A World Without You

“With what?” I don’t bother hiding my anger; my eyes are on the twisted picture of the girl I love and the lies surrounding her face.

“I want to look at what Dr. Franklin has in his office,” Ryan says. “The video feeds of our sessions are gone, and that’s good, but there are paper records too, records that might lead to me getting the shaft.”

“Go away,” I say. I don’t care what Ryan wants.

“Fine. But Sofía’s records are in there too.”

My eyes flash to his. He’s always trying to manipulate me. “I said, go away.”

“Yours too. Don’t you want to know what the Doctor is saying about you? What’s going on your permanent record? What if he recommends that you go to the loony bin like Harold?”

“If I agree to help you, will you leave me alone?”

“Tonight, an hour after lights-out.”

“Fine.”

Ryan pushes himself off the desk he was leaning against and saunters away.

The farther he goes, the more the screen flickers and fades, the damning headline replaced by the original. I watch as the words Sofía Muniz, 17, was found dead last night change into Sofía Muniz, 17, has been reported missing.

I turn around in my seat, glaring at Ryan as he disappears into the shelves.

He did this.





CHAPTER 54




When Ryan punched the wall, it rippled. When he got close to the screen, it changed, and when he left, it changed back.

This whole time I thought it was the officials who were manipulating our reality. But that doesn’t really make sense, does it? If they wanted to use us for our powers, they wouldn’t have made us forget them.

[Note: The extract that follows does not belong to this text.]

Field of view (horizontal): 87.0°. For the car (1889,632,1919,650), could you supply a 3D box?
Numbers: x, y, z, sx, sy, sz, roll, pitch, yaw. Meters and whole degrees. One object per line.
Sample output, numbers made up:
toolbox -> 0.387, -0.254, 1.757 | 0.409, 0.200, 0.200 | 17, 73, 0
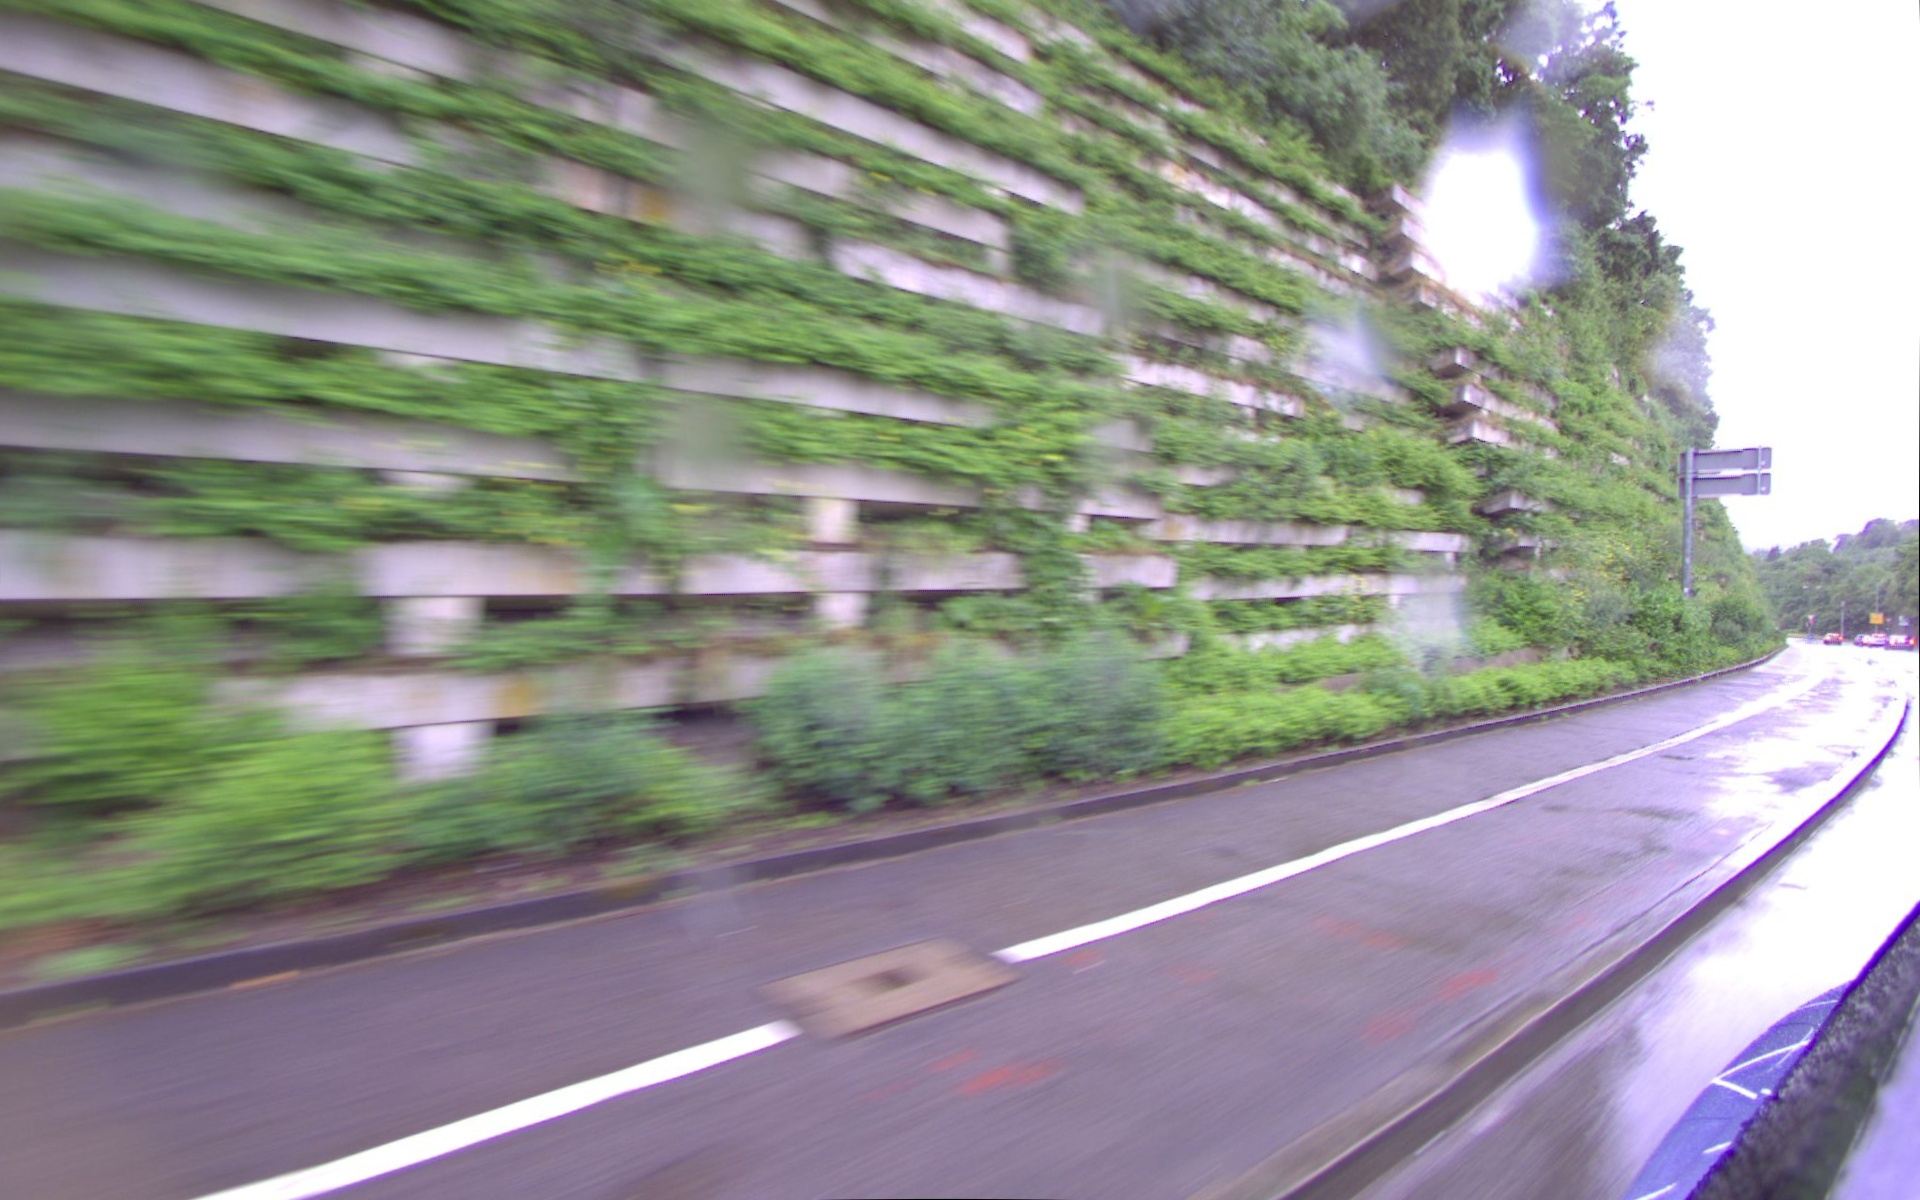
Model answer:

But Ryan . . . he never forgot. Not because he could protect himself from the officials, but because he was the one creating the false reality.

Ryan is a telepath. He could change the videos. He’s been pushing the boundaries of his powers since he got here. He knows exactly how to mess with someone’s mind. He’s messed with our heads before, and his powers have only been growing—far beyond anything we ever thought possible. Beyond anything the Doctor or anyone else could control.

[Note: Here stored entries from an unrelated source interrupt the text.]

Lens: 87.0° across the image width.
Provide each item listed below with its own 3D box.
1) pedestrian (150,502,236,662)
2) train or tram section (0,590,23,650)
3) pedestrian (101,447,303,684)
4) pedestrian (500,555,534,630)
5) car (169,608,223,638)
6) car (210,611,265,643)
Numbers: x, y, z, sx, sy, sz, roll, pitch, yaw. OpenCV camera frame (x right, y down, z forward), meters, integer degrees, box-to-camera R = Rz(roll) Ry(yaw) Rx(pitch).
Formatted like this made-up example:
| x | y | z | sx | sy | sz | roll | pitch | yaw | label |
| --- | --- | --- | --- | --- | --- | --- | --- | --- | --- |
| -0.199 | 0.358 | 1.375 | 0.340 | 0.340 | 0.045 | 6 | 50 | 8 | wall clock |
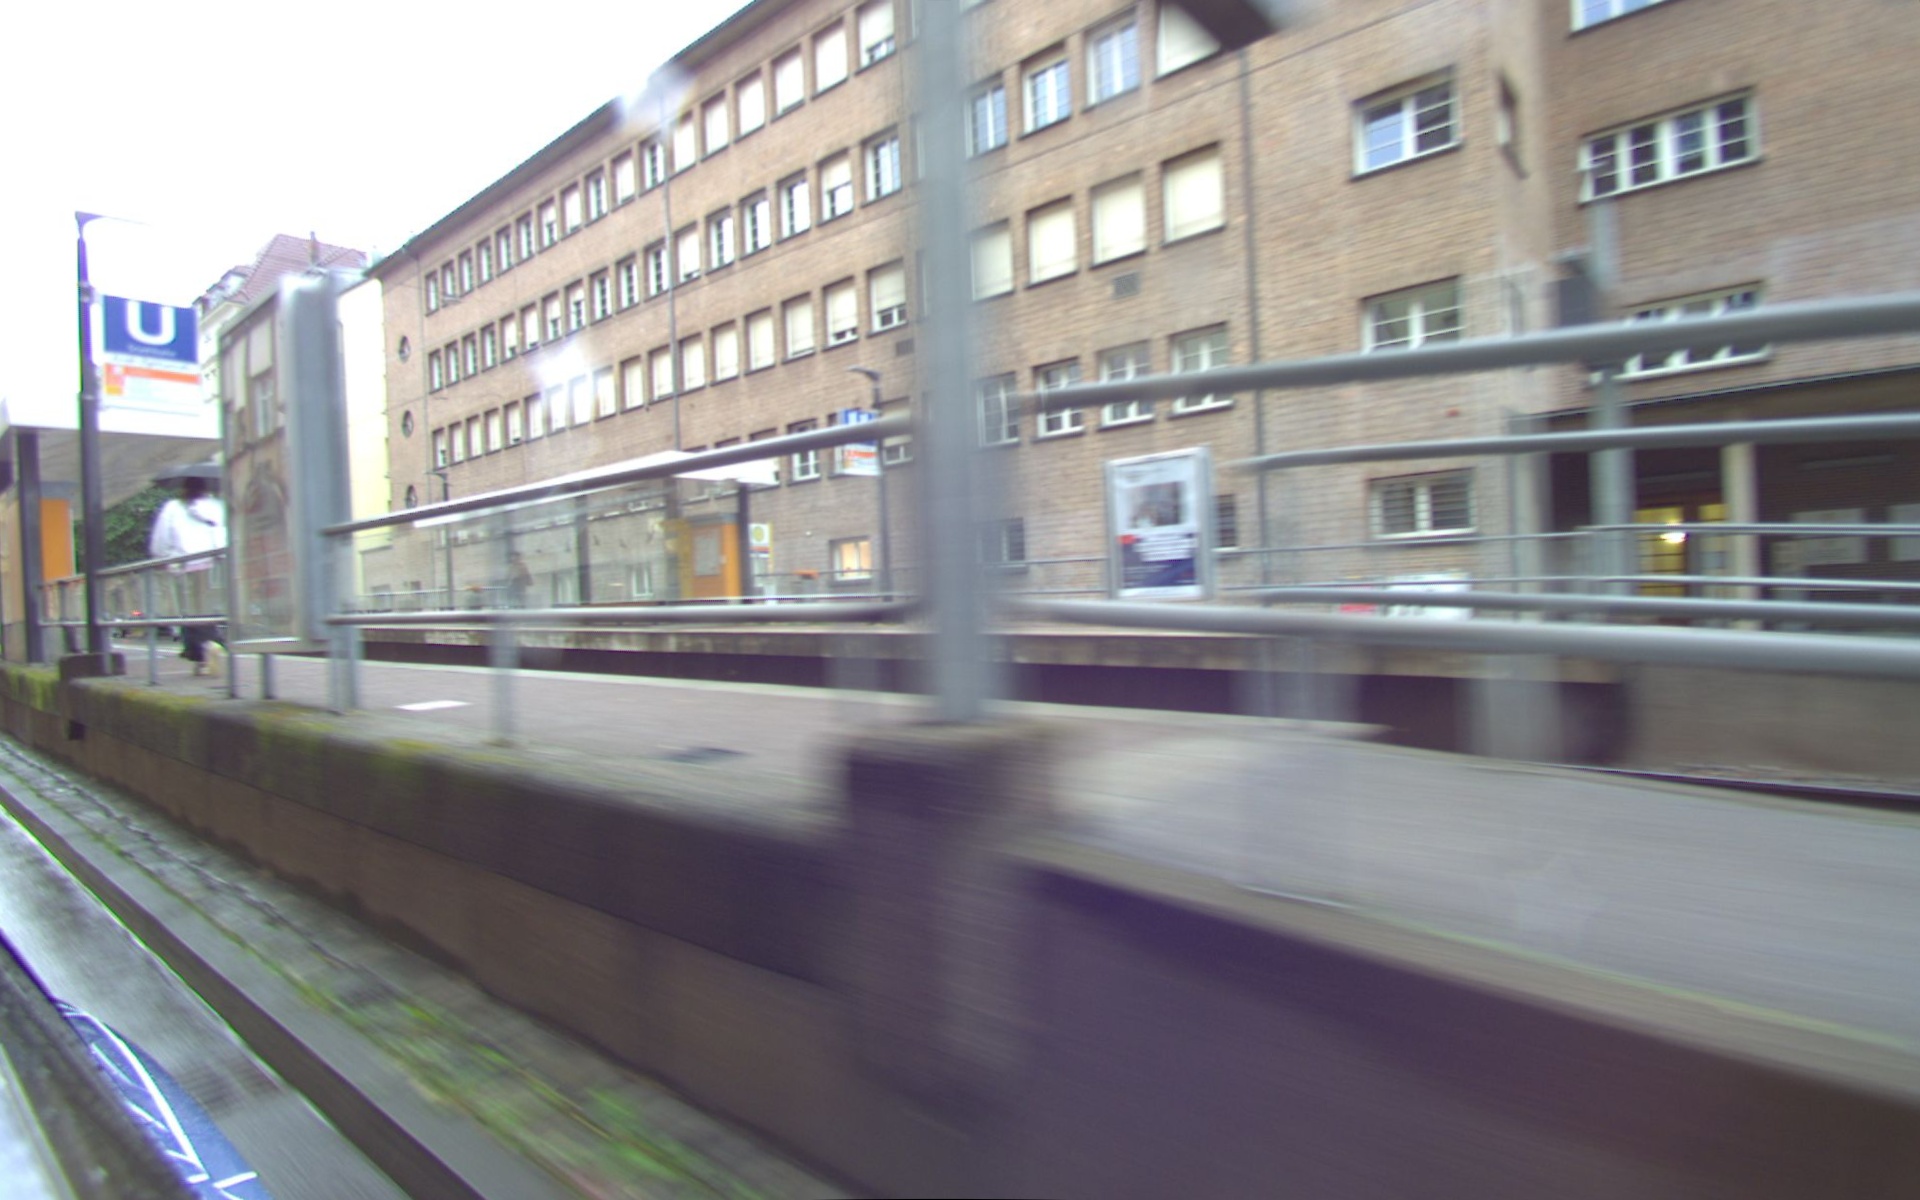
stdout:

It must have scared him when the officials arrived. He had to have known from the start that the academy was in danger of closing. Maybe this all started out as a way to save the school and make the officials go away, but if Ryan had good intentions at the beginning, his desperation has twisted them. The officials are gone, and he’s still maintaining an illusion that no one has powers. He can’t stop the school from closing—that’s out of his grasp—but he can stop everyone else from remembering who they really are. He can stop the officials from sending him to another academy.

? ? ?

As soon as Ryan is out of the library, I waste no time in calling up the timestream. For a moment, I’m worried it won’t work.

But it’s there. All of time, laid out before me, strings floating atop a river, tangling and weaving together into beautiful chaos. I work hurriedly, finding a date when I can see Sofía in the past. The red string connecting me to Sofía is as slender as a hair, but it cuts my finger like a razor when I touch it. I snatch my hand back, sucking on the blood springing up.

I grab the string again, with my whole hand, not just wrapping my finger around it. It slices into me, and I grit my teeth against the pain.

I have to do this.

I feel my bones crunch, squeezed together by the red string as I wind it around my palm. Blood makes my hand slick and warm. I can’t let go.

I can’t let go.

The pain disappears. I look down and the string is gone, along with the blood.

Sofía stands in front of me.

“Hi,” I say.

She smiles, but the happiness doesn’t reach her eyes. “What are you doing here?” she asks.

“I had to see you.”

“You have to go.”

I shake my head, crossing the short distance between her and me. “No,” I say.

“You have to.”

I want to tell her everything, but time won’t let me. So I just say, “Things are bad right now.”

“You’ve been coming to me in the past,” Sofía says. “I figure something is wrong with the future—I mean, the present. Your present. Am I right?”

I nod.

“And I’m not there to help you.”

I nod again. I expect time to snap me back at any minute, but it doesn’t. We’re both still here. “I was afraid,” I say tentatively, still testing the boundaries of time.

“Of what?”

“That my powers weren’t real.”

For a brief second, everything wavers. Colors shift and swirl in and out of one another. Everything stutters . . . except for Sofía. She is still in front of me, real and vivid and true.

She reaches up and puts the flats of her hands against the sides of my face. Her skin is cool and calming. “But Bo,” she says, “what if I’m not real? What if none of this is real?”